Thorazine - Dosage and Administration

Dosage and Administration

A wide range is covered from 25 mg oral or intramuscular for mild sedation, every 8 hours, up to 100 mg every 6 hours for severely ill patients. Initial doses should be low and be increased gradually. It is recommended that most of the daily dose is given at bedtime for maximum hypnotic activity and minimal daytime sedation and hypotension. In the US there are controlled release forms of chlorpromazine (e.g. 300 mg). After the individual dose is well established, such a CR capsule can be given with the evening meal as a single dose, covering the next 24 hours. It is often administered in acute settings as a syrup, which has a faster onset of action than tablets, and is more difficult to spit out to avoid taking.

Chlorpromazine and other antipsychotic drugs need to be taken long-term to prevent the symptoms of the disease from reappearing. Abuse of antipsychotics is unlikely due to their unpleasant effects, in fact these effects often lead patients to stop taking them. For this reason various administration techniques have been developed that do not depend on a patient's compliance. Among them is administration of depot injections which slowly releases the drug and maintains the appropriate blood levels. The technique involves an IM dose injected into a muscle (usually the gluteus medius) of the buttocks or deltoid muscle in the shoulder. The drug slowly diffuses into the body fluids. A single depot injection of an antipsychotic drug can be effective for as long as four weeks. Chlorpromazine is not available as a depot medication.

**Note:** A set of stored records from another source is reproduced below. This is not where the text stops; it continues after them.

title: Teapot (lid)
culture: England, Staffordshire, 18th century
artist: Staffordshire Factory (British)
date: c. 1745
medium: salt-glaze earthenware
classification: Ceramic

Previously, higher doses, up to 1200 mg daily or more, were used in acute psychosis. However, this range has markedly decreased in recent years, and dosing aims for the lowest possible with good therapeutic effect. Dosage in ambulatory patients should be particularly low (minimizing sedation and hypotension). Intravenous injection of undiluted solution is contraindicated due to risk of massive fall in blood pressure, cardiovascular collapse. For intravenous infusion of dilutions, the (hospitalized) patient should be lying and the infusion rate should be as slow as possible. Afterward the patient should rest in the lying position for at least 30 minutes.

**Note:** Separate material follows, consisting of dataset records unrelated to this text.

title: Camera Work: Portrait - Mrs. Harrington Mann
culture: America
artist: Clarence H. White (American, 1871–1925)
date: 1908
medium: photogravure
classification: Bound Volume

All patients treated with chlorpromazine on a long-term-basis should have the following checked regularly: blood-pressure, pulse rate, laboratory-tests (liver function tests, kidney-values, blood cell counts, ECG and EEG. Some side effects seem to appear more frequently during the first months of therapy (sedation, hypotension, liver damage) while others such as tardive dyskinesia can appear over time.